It almost makes you suspect "pro-life" is just code for "pro-forcing-women-to-stay-barefoot-and-pregnant-in-the-kitchen".
"Almost," in the sense of "completely." And "makes you suspect" in the sense of "abso-fucking-lutely proves"
Sounding awfully conciliatory today, S-Bot.
Pro-life until you leave the womb, as they say.
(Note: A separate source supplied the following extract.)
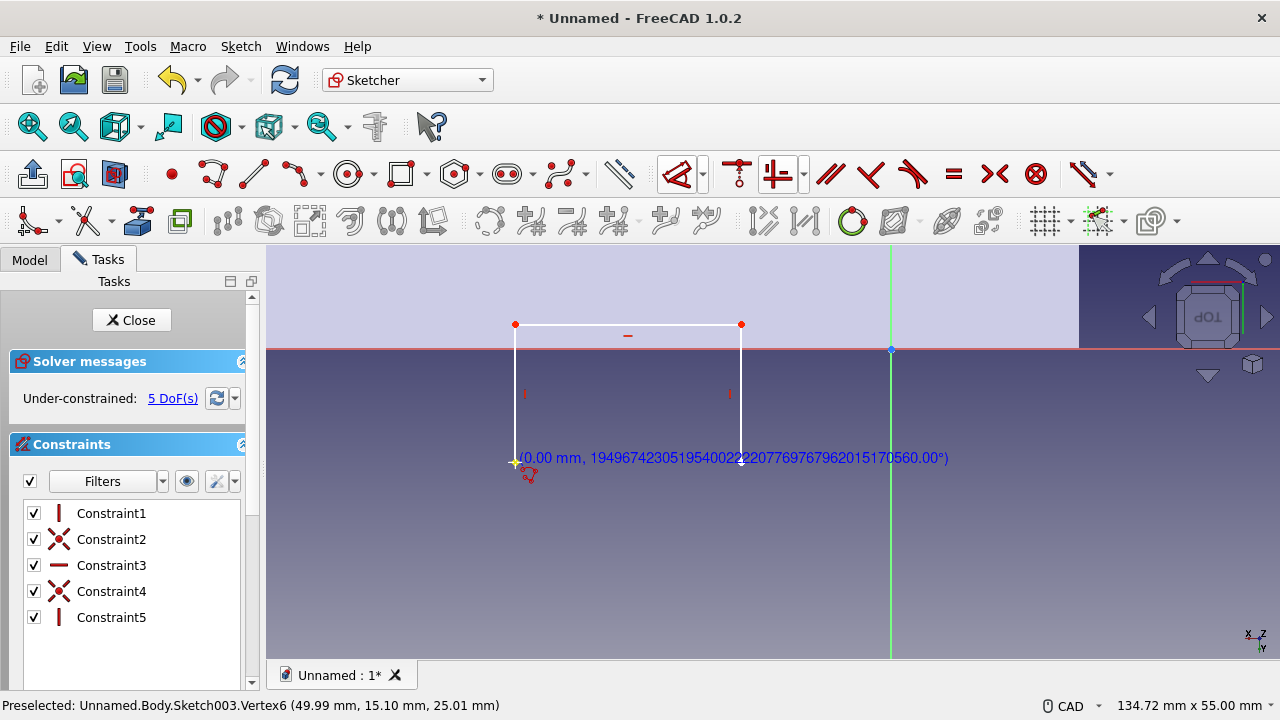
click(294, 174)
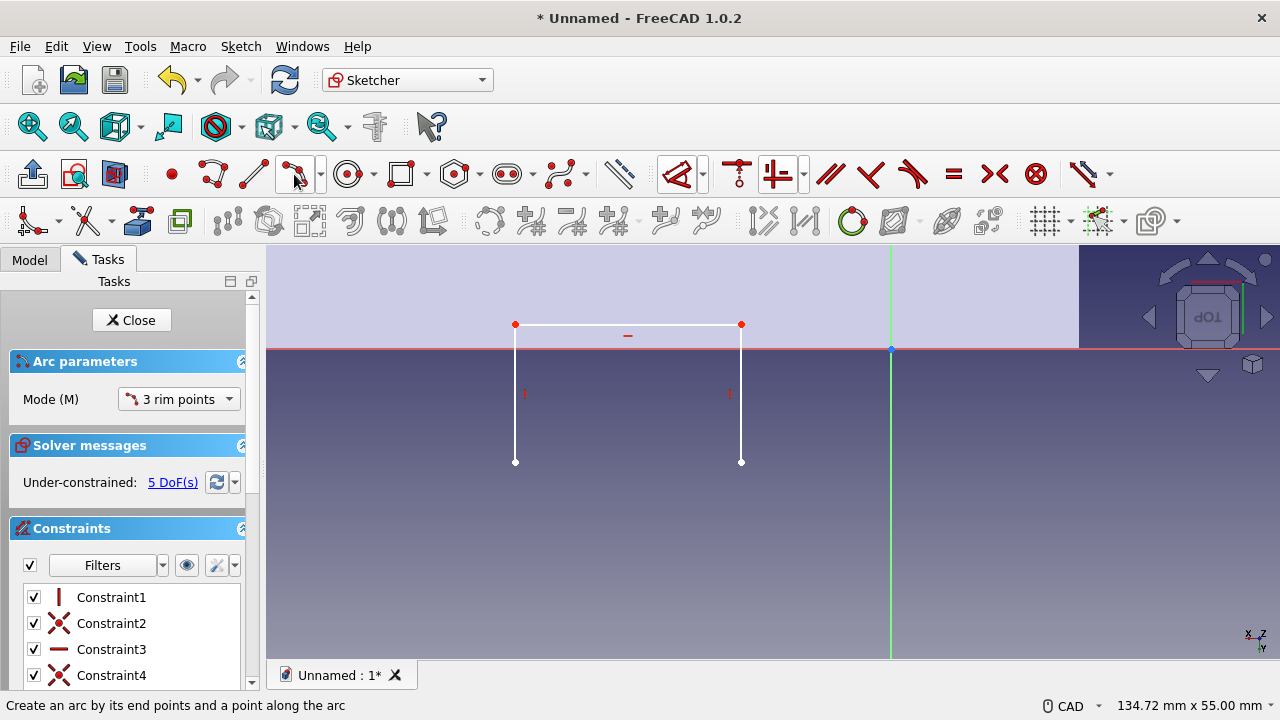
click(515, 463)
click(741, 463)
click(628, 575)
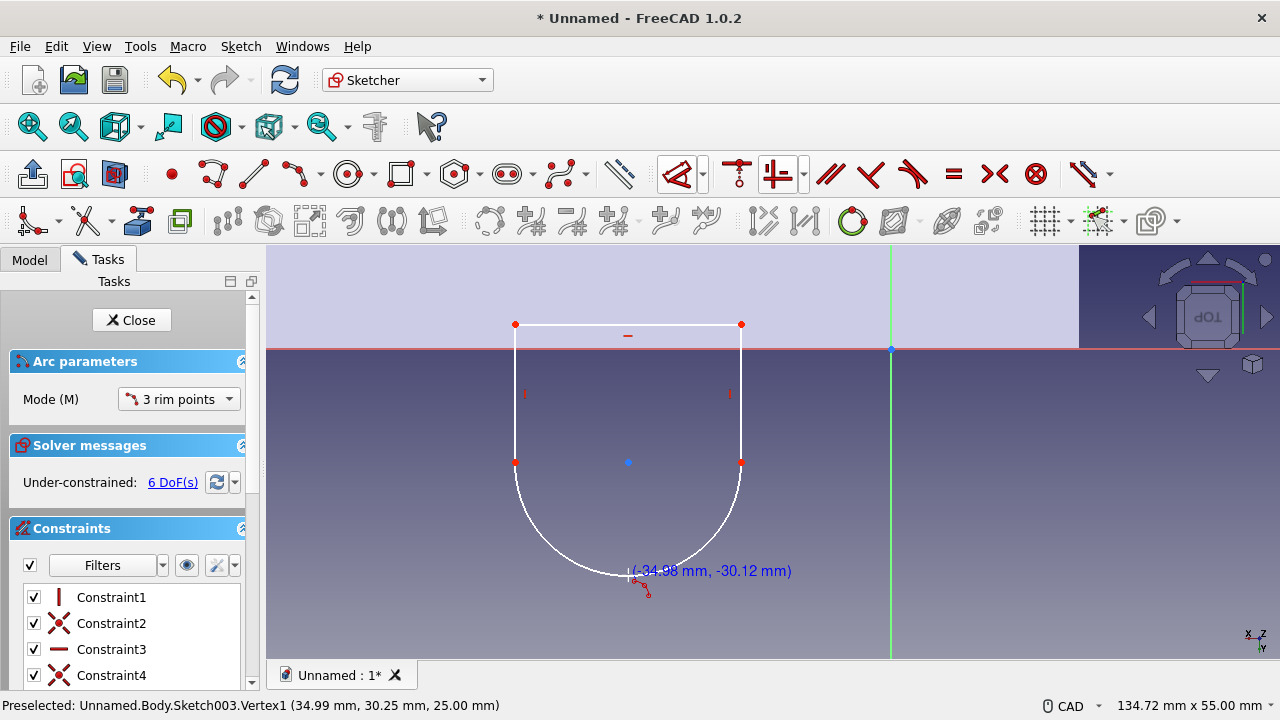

Ahh, how I've missed that lovely cow's photo. I wonder if she has finally fused to her chair.
From BBC, May 2008:
Nov 28, 2002:
And this
Not to mention kissing up to that Saudi Prince of a fellow.
You mean, "kissing on that Saudi Prince of a fellow."
Yeah but he was a white GOP prez so we ignore that
Well, the Freepers thought that Bush was a raging Socialist too.
At least when he became too unpopular for them.
"Facts are stupid things"
-Ronald Reagan
"Reagan was a stupid thing."
-Fact
Beautiful.
“I wipe my a.ss with pages of the koran,"
I wonder if it's real scratchy. Most paper that you find in books would not be very comfortable to wipe your ass with. Could be the underlying problem for a lot of these folks.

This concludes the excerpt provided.